Comparing the roc_auc values on the test sets, we can see that one hot encoding has the worse performance. This makes sense because trees do not perform well in datasets with big feature spaces.

The remaining encodings returned similar performances. This also makes sense, because trees are non-linear models, so target guided encodings may not necessarily improve the model performance

### Logistic Regression Performance

In [23]:
def run_logistic(X_train, X_test, y_train, y_test):

    # function to train and test the performance of logistic regression
    logit = LogisticRegression(random_state=44, C=0.01, max_iter=100)
    logit.fit(X_train, y_train)

    print('Train set')
    pred = logit.predict_proba(X_train)
    print(
        'Logistic Regression roc-auc: {}'.format(roc_auc_score(y_train, pred[:, 1])))

    print('Test set')
    pred = logit.predict_proba(X_test)
    print(
        'Logistic Regression roc-auc: {}'.format(roc_auc_score(y_test, pred[:, 1])))

In [24]:
# OHE
run_logistic(X_train_OHE, X_test_OHE, y_train, y_test)

Train set
Logistic Regression roc-auc: 0.8299952026864956
Test set
Logistic Regression roc-auc: 0.8428329911846394


In [25]:
# counts
run_logistic(X_train_count, X_test_count, y_train, y_test)

Train set
Logistic Regression roc-auc: 0.8447796506683529
Test set
Logistic Regression roc-auc: 0.8584711991305398


STOP: TOTAL NO. of ITERATIONS REACHED LIMIT.
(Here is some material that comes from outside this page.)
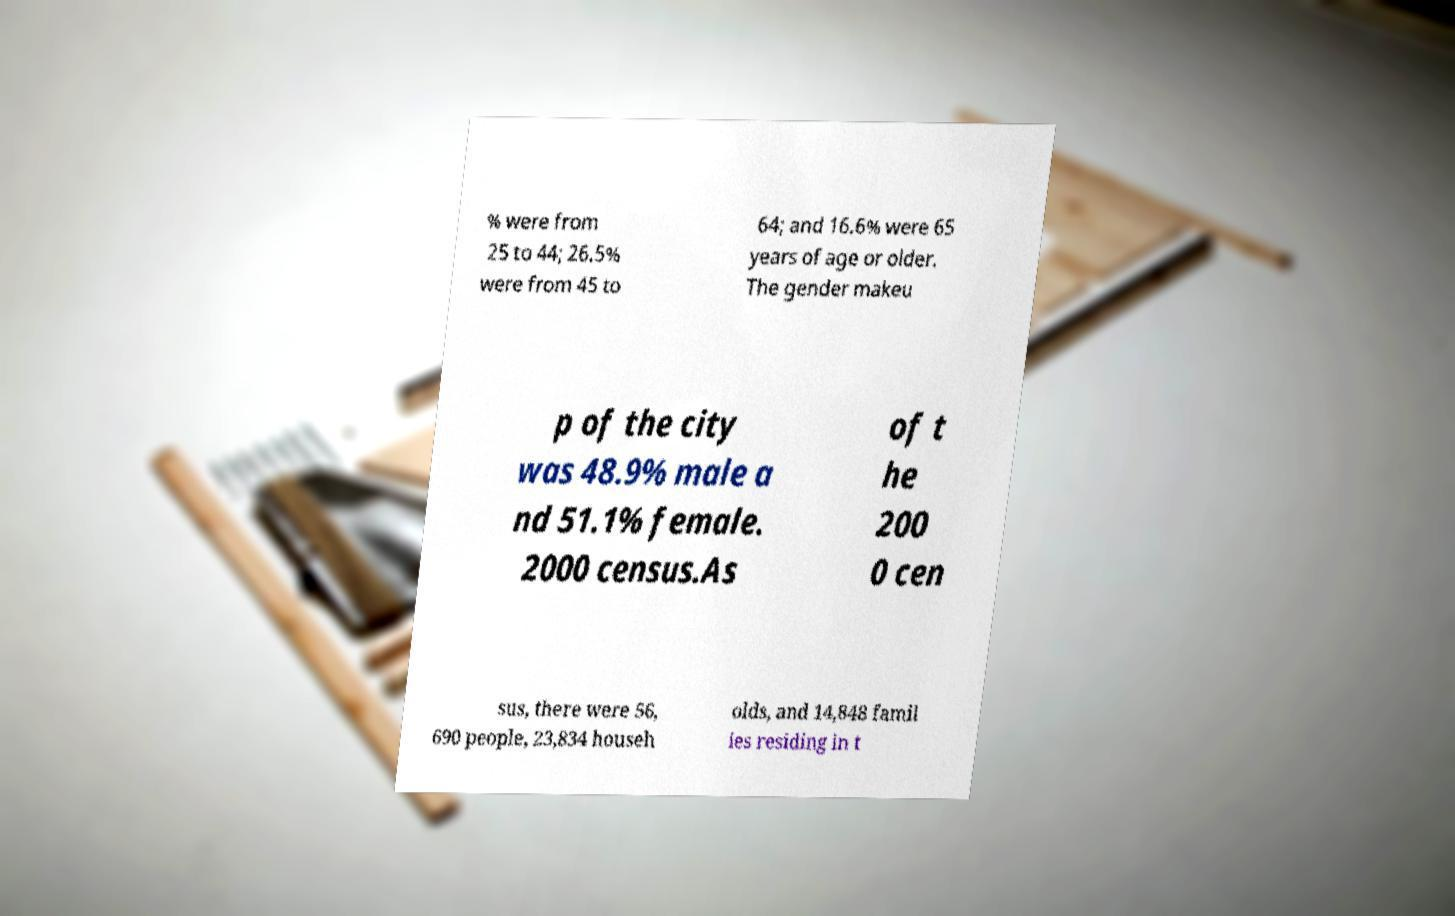I need the written content from this picture converted into text. Can you do that? % were from 25 to 44; 26.5% were from 45 to 64; and 16.6% were 65 years of age or older. The gender makeu p of the city was 48.9% male a nd 51.1% female. 2000 census.As of t he 200 0 cen sus, there were 56, 690 people, 23,834 househ olds, and 14,848 famil ies residing in t 
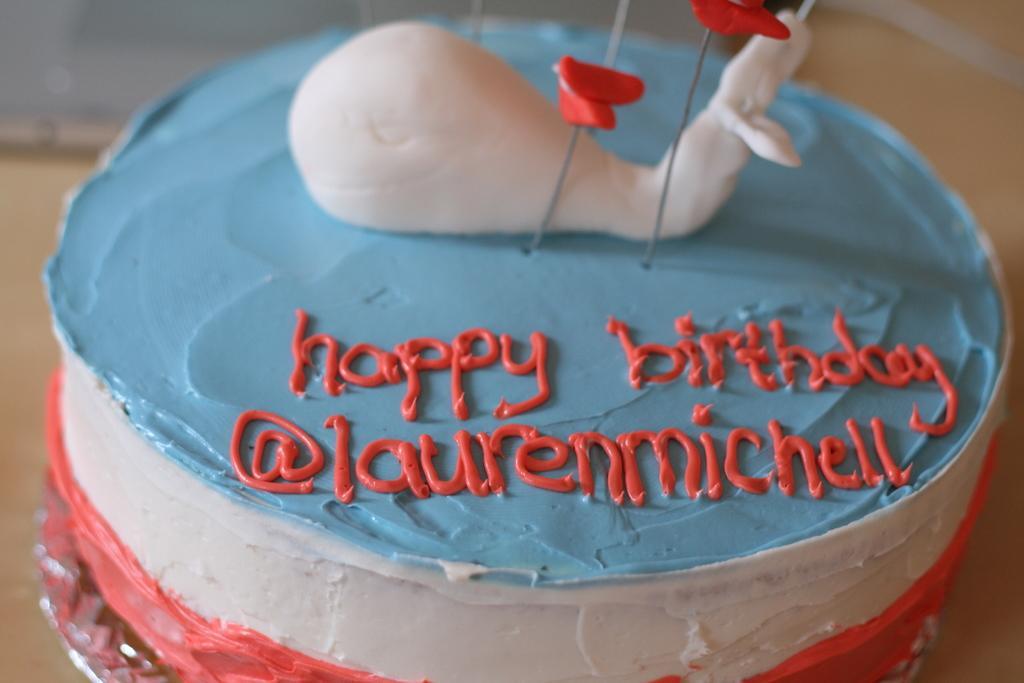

Increase the number of iterations (max_iter) or scale the data as shown in:
    https://scikit-learn.org/stable/modules/preprocessing.html
Please also refer to the documentation for alternative solver options:
    https://scikit-learn.org/stable/modules/linear_model.html#logistic-regression
  n_iter_i = _check_optimize_result(


In [26]:
# ordered labels
run_logistic(X_train_ordered, X_test_ordered, y_train, y_test)

Train set
Logistic Regression roc-auc: 0.8143385158856495
Test set
Logistic Regression roc-auc: 0.8309382924767539


In [27]:
# mean encoding
run_logistic(X_train_mean, X_test_mean, y_train, y_test)

Train set
Logistic Regression roc-auc: 0.7738339257288646
Test set
Logistic Regression roc-auc: 0.7892766574085255


In [28]:
# ratio
run_logistic(X_train_ratio, X_test_ratio, y_train, y_test)

Train set
Logistic Regression roc-auc: 0.8506236507555769
Test set
Logistic Regression roc-auc: 0.8726603067262407


For Logistic regression, the best performances are obtained with one hot encoding, as it preserves linear relationships with variables and target, and also with weight of evidence, and ordered encoding.

Note however how count encoding, returns the worse performance as it does not create a monotonic relationship between variables and target, and in this case, mean target encoding is probably causing over-fitting.